**What is required**
Reproduce each record exactly, but exclude every picture.

**Material to process**
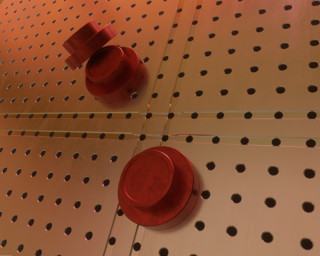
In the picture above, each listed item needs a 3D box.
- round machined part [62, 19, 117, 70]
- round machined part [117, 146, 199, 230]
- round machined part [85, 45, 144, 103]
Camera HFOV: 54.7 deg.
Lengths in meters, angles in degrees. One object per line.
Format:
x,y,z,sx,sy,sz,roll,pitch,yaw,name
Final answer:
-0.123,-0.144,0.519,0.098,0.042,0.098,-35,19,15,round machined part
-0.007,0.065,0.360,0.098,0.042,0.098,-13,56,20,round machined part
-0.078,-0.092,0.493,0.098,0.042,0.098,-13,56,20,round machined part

**Response for this exercise**
In the picture above, each listed item needs a 3D box.
- round machined part [62, 19, 117, 70]
- round machined part [117, 146, 199, 230]
- round machined part [85, 45, 144, 103]
Camera HFOV: 54.7 deg.
Lengths in meters, angles in degrees. One object per line.
Format:
x,y,z,sx,sy,sz,roll,pitch,yaw,name
Final answer:
-0.123,-0.144,0.519,0.098,0.042,0.098,-35,19,15,round machined part
-0.007,0.065,0.360,0.098,0.042,0.098,-13,56,20,round machined part
-0.078,-0.092,0.493,0.098,0.042,0.098,-13,56,20,round machined part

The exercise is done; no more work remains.